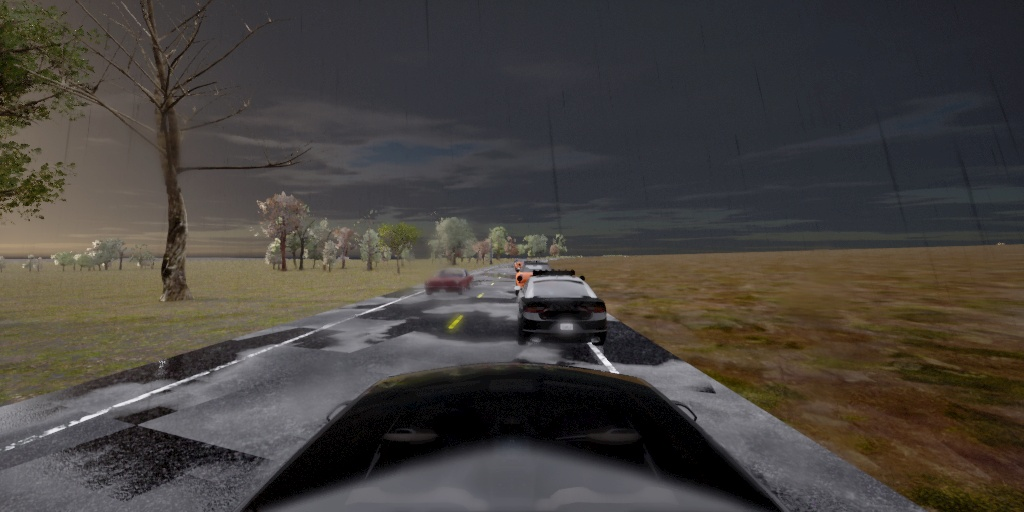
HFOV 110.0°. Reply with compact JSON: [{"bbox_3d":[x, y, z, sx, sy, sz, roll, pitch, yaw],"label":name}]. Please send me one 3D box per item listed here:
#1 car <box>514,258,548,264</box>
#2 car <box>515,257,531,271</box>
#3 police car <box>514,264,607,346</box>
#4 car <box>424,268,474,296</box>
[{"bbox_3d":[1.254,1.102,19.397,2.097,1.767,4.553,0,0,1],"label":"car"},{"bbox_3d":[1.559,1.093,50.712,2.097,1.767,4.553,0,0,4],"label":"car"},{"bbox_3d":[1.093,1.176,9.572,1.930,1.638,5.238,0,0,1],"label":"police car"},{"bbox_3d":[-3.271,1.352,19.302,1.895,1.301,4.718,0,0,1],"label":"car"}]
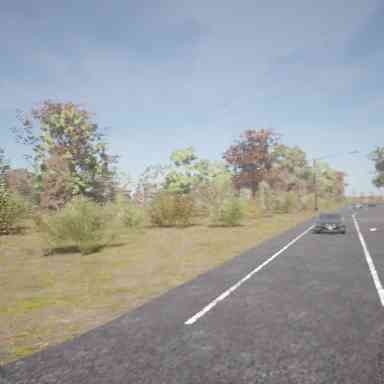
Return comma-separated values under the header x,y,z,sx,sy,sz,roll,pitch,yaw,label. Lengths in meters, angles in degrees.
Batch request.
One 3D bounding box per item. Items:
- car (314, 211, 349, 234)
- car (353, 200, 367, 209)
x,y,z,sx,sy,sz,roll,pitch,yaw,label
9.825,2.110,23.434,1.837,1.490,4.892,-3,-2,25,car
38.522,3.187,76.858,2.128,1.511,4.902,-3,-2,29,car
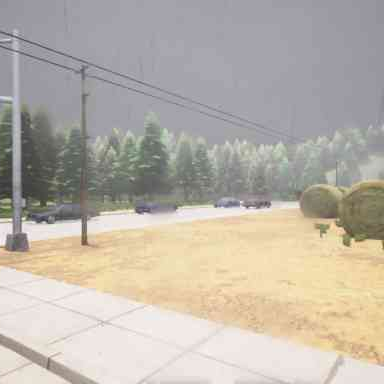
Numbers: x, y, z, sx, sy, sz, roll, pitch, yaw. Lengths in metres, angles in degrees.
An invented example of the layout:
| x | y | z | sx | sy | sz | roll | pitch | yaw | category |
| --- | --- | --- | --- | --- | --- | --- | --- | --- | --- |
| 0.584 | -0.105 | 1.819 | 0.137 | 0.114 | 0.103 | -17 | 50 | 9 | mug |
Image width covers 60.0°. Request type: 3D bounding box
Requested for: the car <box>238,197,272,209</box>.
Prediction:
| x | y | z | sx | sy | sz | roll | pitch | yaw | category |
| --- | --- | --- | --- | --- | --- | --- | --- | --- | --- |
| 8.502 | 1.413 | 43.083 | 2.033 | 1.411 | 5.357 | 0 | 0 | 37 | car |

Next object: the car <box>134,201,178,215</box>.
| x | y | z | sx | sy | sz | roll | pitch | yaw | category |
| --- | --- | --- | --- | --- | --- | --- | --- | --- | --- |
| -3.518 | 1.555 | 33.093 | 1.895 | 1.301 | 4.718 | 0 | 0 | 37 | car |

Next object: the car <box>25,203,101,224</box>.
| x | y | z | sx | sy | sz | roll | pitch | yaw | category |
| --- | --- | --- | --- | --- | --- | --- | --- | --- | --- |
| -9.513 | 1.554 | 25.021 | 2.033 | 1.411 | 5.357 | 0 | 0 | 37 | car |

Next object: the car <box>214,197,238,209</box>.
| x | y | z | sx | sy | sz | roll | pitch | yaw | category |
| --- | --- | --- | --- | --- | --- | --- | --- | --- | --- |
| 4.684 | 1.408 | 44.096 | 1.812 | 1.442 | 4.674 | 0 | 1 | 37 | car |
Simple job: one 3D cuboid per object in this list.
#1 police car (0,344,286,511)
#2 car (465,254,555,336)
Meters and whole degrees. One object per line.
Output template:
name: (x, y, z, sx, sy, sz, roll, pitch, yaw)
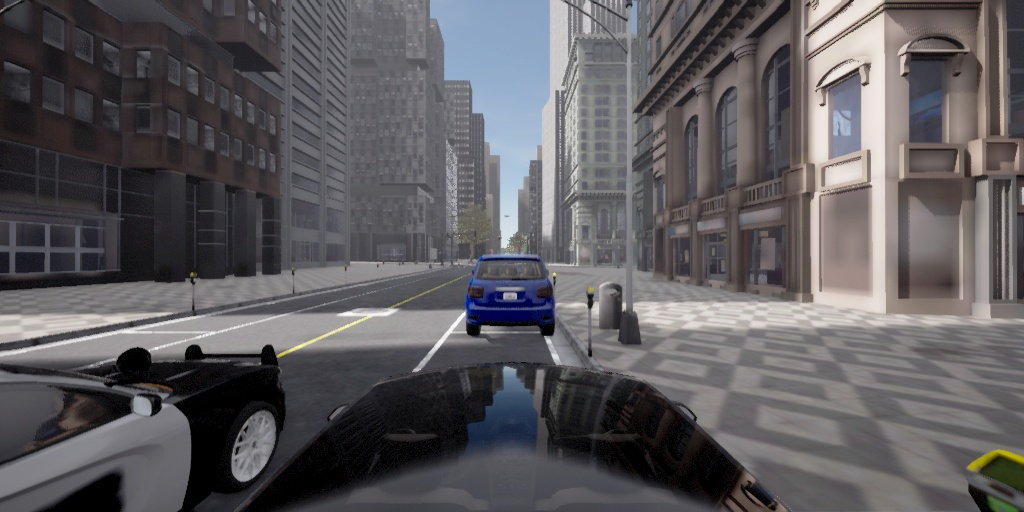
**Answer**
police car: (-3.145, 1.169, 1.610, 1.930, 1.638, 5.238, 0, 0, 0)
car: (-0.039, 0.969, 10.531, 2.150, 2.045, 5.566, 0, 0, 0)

## Exercise prompt
Please go through the data above and copy every line that has the word "bounding".

## Response to the exercise
One 3D bounding box per item. Items:
Image width covers 60.0°. Request type: 3D bounding box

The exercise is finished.